L'articolo di Marcello Fois a cui ho risposto qui ha suscitato altre reazioni oltre alla mia. Dalle pagine di Sardegna24 hanno replicato infatti due figure molto note dell'indipendentismo sardo: Bustianu Cumpostu, leader storico di Sardigna Natzione Indipendentzia, e Franciscu Sedda, semiologo di fama e politico di ProgReS. Voglio postarle di seguito qui perché la loro differenza è interessante. Chissà che la sequenza non spieghi qualcosa a quanti continuano a dirmi che non capiscono perché le sigle che aspirano all'indipendenza sarda non si uniscono in un solo soggetto.
C’è chi spara dai muretti a secco del web e chi dai salotti letterari dei giornali.
Chi riceve il colpo deve comunque chiedersi il perché.
Lei sig. Marcello Fois ha un’idea del perché è diventato obiettivo del tiro dei cecchini indipendentisti?, e perché gli indipendentisti “colti e attrezzati” non correggano il “delirio” delle truppe cammellate?

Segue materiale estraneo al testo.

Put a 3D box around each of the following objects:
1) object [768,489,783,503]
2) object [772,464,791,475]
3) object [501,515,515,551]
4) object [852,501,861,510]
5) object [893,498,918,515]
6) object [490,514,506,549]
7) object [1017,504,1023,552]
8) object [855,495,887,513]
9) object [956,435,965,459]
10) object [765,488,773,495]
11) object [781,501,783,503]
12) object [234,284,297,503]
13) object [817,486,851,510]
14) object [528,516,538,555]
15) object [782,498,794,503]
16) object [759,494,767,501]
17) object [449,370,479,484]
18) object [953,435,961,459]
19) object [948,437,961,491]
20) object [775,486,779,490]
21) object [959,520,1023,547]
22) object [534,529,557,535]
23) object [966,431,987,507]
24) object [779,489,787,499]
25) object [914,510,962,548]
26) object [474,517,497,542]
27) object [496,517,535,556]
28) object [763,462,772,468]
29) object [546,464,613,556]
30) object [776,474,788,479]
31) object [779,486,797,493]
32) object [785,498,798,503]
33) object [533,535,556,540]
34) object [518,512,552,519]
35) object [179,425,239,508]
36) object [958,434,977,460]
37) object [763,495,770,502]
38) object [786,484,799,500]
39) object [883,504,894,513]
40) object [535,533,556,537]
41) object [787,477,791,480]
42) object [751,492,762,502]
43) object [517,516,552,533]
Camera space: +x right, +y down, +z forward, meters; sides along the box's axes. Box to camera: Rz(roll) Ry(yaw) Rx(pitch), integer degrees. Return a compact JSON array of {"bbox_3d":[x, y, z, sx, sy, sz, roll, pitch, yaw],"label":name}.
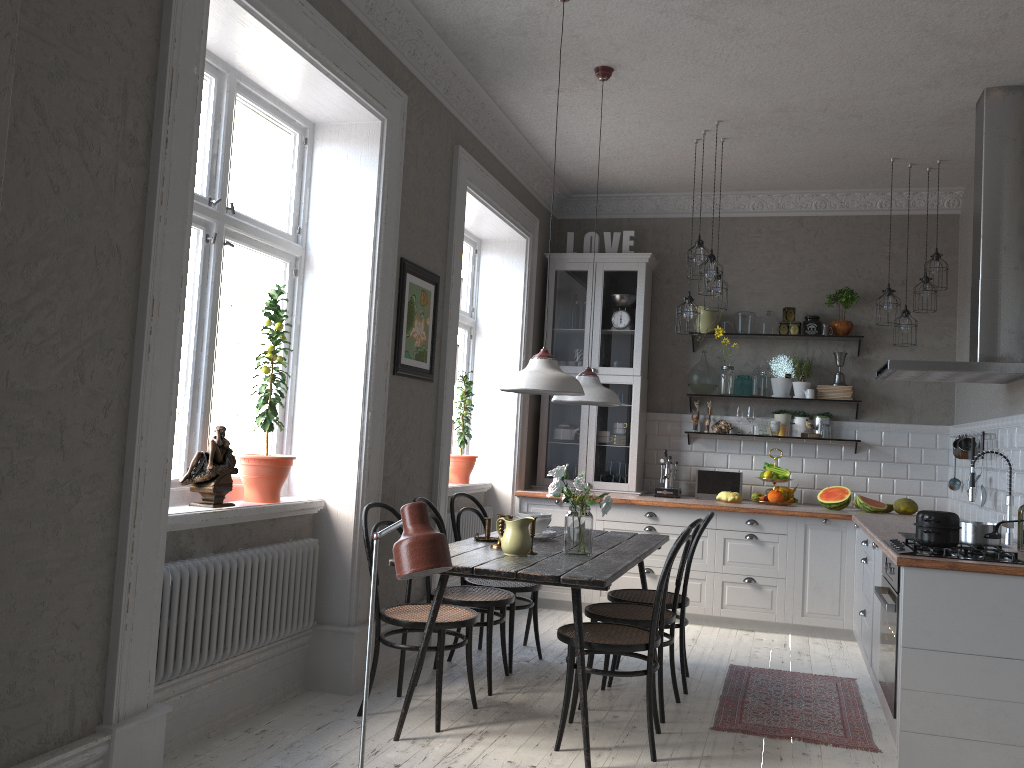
[{"bbox_3d":[1.953,0.829,6.565,0.114,0.111,0.110,4,-4,-16],"label":"object"},{"bbox_3d":[2.043,0.659,6.729,0.177,0.096,0.090,1,-4,36],"label":"object"},{"bbox_3d":[-0.014,0.684,4.097,0.061,0.172,0.063,0,-5,38],"label":"object"},{"bbox_3d":[2.623,0.906,6.561,0.196,0.067,0.104,2,-4,22],"label":"object"},{"bbox_3d":[2.824,0.878,6.355,0.207,0.119,0.130,5,-4,-21],"label":"object"},{"bbox_3d":[-0.051,0.687,4.183,0.096,0.172,0.096,3,-4,-2],"label":"object"},{"bbox_3d":[2.388,0.633,4.080,0.088,0.282,0.082,2,-4,17],"label":"object"},{"bbox_3d":[2.563,0.857,6.296,0.224,0.127,0.148,3,-4,-1],"label":"object"},{"bbox_3d":[2.940,0.408,5.738,0.107,0.161,0.138,2,-4,19],"label":"object"},{"bbox_3d":[1.990,0.832,6.761,0.077,0.076,0.157,0,-5,43],"label":"object"},{"bbox_3d":[1.991,0.876,6.627,0.070,0.065,0.070,1,-4,37],"label":"object"},{"bbox_3d":[-1.084,0.030,3.972,0.275,0.991,0.264,6,-4,-34],"label":"object"},{"bbox_3d":[2.333,0.828,6.414,0.231,0.174,0.222,0,-4,38],"label":"object"},{"bbox_3d":[0.092,0.688,4.031,0.058,0.167,0.060,1,-4,30],"label":"object"},{"bbox_3d":[2.057,0.872,6.604,0.069,0.051,0.088,5,-4,-26],"label":"object"},{"bbox_3d":[1.904,0.861,6.689,0.090,0.057,0.083,6,-5,-42],"label":"object"},{"bbox_3d":[-0.356,0.304,6.362,0.254,0.813,0.265,0,-5,44],"label":"object"},{"bbox_3d":[2.977,0.418,5.862,0.106,0.161,0.139,1,-4,28],"label":"object"},{"bbox_3d":[3.055,0.545,6.104,0.076,0.379,0.083,2,-4,16],"label":"object"},{"bbox_3d":[2.018,0.822,6.747,0.084,0.093,0.087,2,-4,12],"label":"object"},{"bbox_3d":[2.134,0.651,3.916,0.178,0.134,0.297,6,-5,-39],"label":"object"},{"bbox_3d":[0.114,0.778,4.622,0.232,0.027,0.242,0,-4,39],"label":"object"},{"bbox_3d":[2.753,0.503,5.260,0.080,0.443,0.333,2,-4,18],"label":"object"},{"bbox_3d":[2.015,0.825,6.627,0.087,0.078,0.089,0,-5,43],"label":"object"},{"bbox_3d":[1.809,0.616,3.767,0.191,0.147,0.192,3,-4,-4],"label":"object"},{"bbox_3d":[-0.121,0.730,4.450,0.140,0.112,0.139,3,-4,-1],"label":"object"},{"bbox_3d":[0.015,0.678,3.965,0.152,0.170,0.133,5,-4,-22],"label":"object"},{"bbox_3d":[1.935,0.619,6.694,0.073,0.058,0.050,4,-4,-7],"label":"object"},{"bbox_3d":[0.311,0.580,4.107,0.308,0.414,0.254,2,-4,14],"label":"object"},{"bbox_3d":[2.027,0.711,6.663,0.076,0.062,0.100,4,-4,-10],"label":"object"},{"bbox_3d":[2.081,0.804,6.687,0.126,0.056,0.060,3,-4,8],"label":"object"},{"bbox_3d":[2.077,0.871,6.726,0.055,0.044,0.212,6,-4,-35],"label":"object"},{"bbox_3d":[0.113,0.796,4.621,0.233,0.027,0.242,1,-4,34],"label":"object"},{"bbox_3d":[0.116,0.722,4.625,0.179,0.094,0.180,3,-4,7],"label":"object"},{"bbox_3d":[-1.218,0.330,3.574,0.118,0.329,0.240,2,-4,19],"label":"object"},{"bbox_3d":[2.893,0.398,5.618,0.106,0.161,0.139,1,-4,33],"label":"object"},{"bbox_3d":[1.922,0.871,6.699,0.070,0.076,0.229,3,-3,0],"label":"object"},{"bbox_3d":[2.105,0.811,6.672,0.060,0.120,0.128,0,-5,40],"label":"object"},{"bbox_3d":[2.708,0.900,6.437,0.203,0.073,0.118,4,-4,-21],"label":"object"},{"bbox_3d":[0.113,0.786,4.621,0.240,0.027,0.234,4,-4,-16],"label":"object"},{"bbox_3d":[2.075,0.712,6.682,0.051,0.050,0.050,2,-4,26],"label":"object"},{"bbox_3d":[1.877,0.859,6.734,0.155,0.072,0.075,7,-5,-44],"label":"object"},{"bbox_3d":[0.115,0.742,4.624,0.179,0.094,0.180,3,-4,7],"label":"object"}]

Faccia memoria sig. Fois, rilegga cosa ha scritto sull’indipendentismo, rilegga cosa ha scritto su lingua, patria, balentes, sugli intellettuali indipendentisti da salotto, nel suo libro “In Sardegna non c’è il mare”, ricordi le emozioni che ha espletato cantando l’inno di Mameli insieme a Luciano Ligabue e ad un gruppo di rockettari sardi?
Lei sig. Fois è un intellettuale organico, alla sua nazione, all’Italia, ed è giusto che scriva e usi categorie organiche alla sua nazione, come è giusto che gli indipendentisti sardi, organici alla nazione sarda, contingentemente sotto sudditanza italiana, contrastino con atti e parole i dominatori di turno e i loro alleati locali.
Il colonialismo in Sardegna non è frutto di “forze oscure” ma di una sudditanza chiara, imposta dallo stato di un’altra nazione e intermediata da una “Borghesia Notarile” di cui lei, per funzione e per scelta, fa parte. La nostra visione della storia, che lei chiama monomaniacale, è la visione dei figli liberi di un popolo che non vuole più essere oggetto della storia altrui ma soggetto della propria storia. Come lei sa, a volte gli “oggetti si rivoltano” e vogliono “essere soggetti del proprio futuro”, come del resto ha fatto la sua Italia quando gli andava stretto il dominatore austriaco o tedesco. Siamo un popolo filiforme, ci siamo staccati dai muri delle domos de janas di Onieri, vogliamo essere liberi e sovrani, riusciremo a passare attraverso le maglie, anche se strette, della gabbia tricolore.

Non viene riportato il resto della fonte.